Thanks for testing everyone. I've applied the patch Michele pointed to with comment #25.
I see that kernel 3.11.8-200 has been released. Does it contain the bugfix which continues to work fine on my ASUS X202E? (I ask since I don't see it mentioned in http://koji.fedoraproject.org/koji/buildinfo?buildID=478117 ) Thanks again for the fix.
(In reply to markusN from comment #31) > I see that kernel 3.11.8-200 has been released. Does it contain the bugfix > which continues to work fine on my ASUS X202E? > > (I ask since I don't see it mentioned in > http://koji.fedoraproject.org/koji/buildinfo?buildID=478117 ) > > Thanks again for the fix. The last date on the changelog for link you give is Nov 13. The path was applied on Nov 18. See comment 29
kernel-3.11.9-300.fc20 has been submitted as an update for Fedora 20. https://admin.fedoraproject.org/updates/kernel-3.11.9-300.fc20
kernel-3.11.9-200.fc19 has been submitted as an update for Fedora 19. https://admin.fedoraproject.org/updates/kernel-3.11.9-200.fc19
kernel-3.11.9-100.fc18 has been submitted as an update for Fedora 18. https://admin.fedoraproject.org/updates/kernel-3.11.9-100.fc18
(In reply to Fedora Update System from comment #34) > kernel-3.11.9-200.fc19 has been submitted as an update for Fedora 19. > https://admin.fedoraproject.org/updates/kernel-3.11.9-200.fc19 Thanks, suspend/resume works with this kernel. I left stable karma.

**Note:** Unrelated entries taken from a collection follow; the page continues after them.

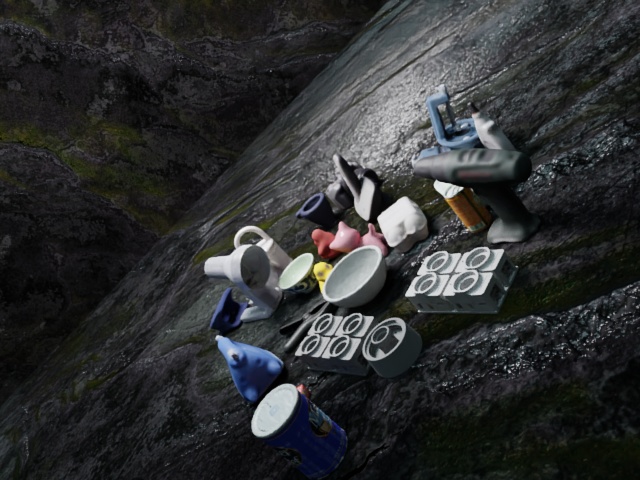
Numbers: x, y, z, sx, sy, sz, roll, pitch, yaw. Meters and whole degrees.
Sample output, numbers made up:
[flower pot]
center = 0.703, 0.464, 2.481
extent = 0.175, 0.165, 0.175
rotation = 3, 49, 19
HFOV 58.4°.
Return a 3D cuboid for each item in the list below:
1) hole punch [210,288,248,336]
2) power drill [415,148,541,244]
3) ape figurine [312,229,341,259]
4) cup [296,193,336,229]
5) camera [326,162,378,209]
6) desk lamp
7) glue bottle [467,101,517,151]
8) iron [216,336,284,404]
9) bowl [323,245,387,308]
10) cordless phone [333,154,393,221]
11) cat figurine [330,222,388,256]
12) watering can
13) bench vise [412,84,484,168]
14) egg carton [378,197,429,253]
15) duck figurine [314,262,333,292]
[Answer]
[hole punch]
center = -0.280, 0.210, 1.674
extent = 0.101, 0.091, 0.108
rotation = -29, 26, 30
[power drill]
center = 0.310, -0.089, 1.081
extent = 0.228, 0.209, 0.076
rotation = -7, 41, 54
[ape figurine]
center = 0.014, 0.006, 1.552
extent = 0.076, 0.092, 0.078
rotation = -7, 42, 55
[cup]
center = -0.007, -0.073, 1.722
extent = 0.117, 0.095, 0.092
rotation = -29, 27, 30
[camera]
center = 0.099, -0.175, 1.721
extent = 0.143, 0.101, 0.136
rotation = -50, 24, -16
[desk lamp]
center = -0.200, 0.115, 1.551
extent = 0.202, 0.214, 0.118
rotation = -19, 32, 44
[glue bottle]
center = 0.379, -0.241, 1.281
extent = 0.037, 0.173, 0.078
rotation = -44, 23, -2
[iron]
center = -0.190, 0.277, 1.343
extent = 0.119, 0.142, 0.257
rotation = -48, 23, -13
[bowl]
center = 0.091, 0.095, 1.290
extent = 0.167, 0.075, 0.167
rotation = -35, 24, 18
[cordless phone]
center = 0.101, -0.148, 1.560
extent = 0.094, 0.185, 0.147
rotation = -43, 23, 0
[cat figurine]
center = 0.092, 0.000, 1.400
extent = 0.127, 0.118, 0.067
rotation = -26, 28, 35
[watering can]
center = -0.160, 0.041, 1.641
extent = 0.101, 0.194, 0.172
rotation = -50, 24, -17
[bench vise]
center = 0.299, -0.246, 1.362
extent = 0.207, 0.220, 0.121
rotation = -38, 23, 11
[egg carton]
center = 0.198, -0.038, 1.357
extent = 0.107, 0.069, 0.150
rotation = -39, 23, 10
[duck figurine]
center = 0.019, 0.090, 1.404
extent = 0.077, 0.086, 0.104
rotation = -49, 23, -13

Package kernel-3.11.9-100.fc18: * should fix your issue, * was pushed to the Fedora 18 testing repository, * should be available at your local mirror within two days. Update it with: # su -c 'yum update --enablerepo=updates-testing kernel-3.11.9-100.fc18' as soon as you are able to, then reboot. Please go to the following url: https://admin.fedoraproject.org/updates/FEDORA-2013-21822/kernel-3.11.9-100.fc18 then log in and leave karma (feedback).
kernel-3.11.9-200.fc19 has been pushed to the Fedora 19 stable repository. If problems still persist, please make note of it in this bug report.
Installed the new kernel last night and this is the first morning in over a week that I've not had to do a reboot. THANK YOU!!!!!!!
kernel-3.11.9-300.fc20 has been pushed to the Fedora 20 stable repository. If problems still persist, please make note of it in this bug report.
kernel-3.11.9-100.fc18 has been pushed to the Fedora 18 stable repository. If problems still persist, please make note of it in this bug report.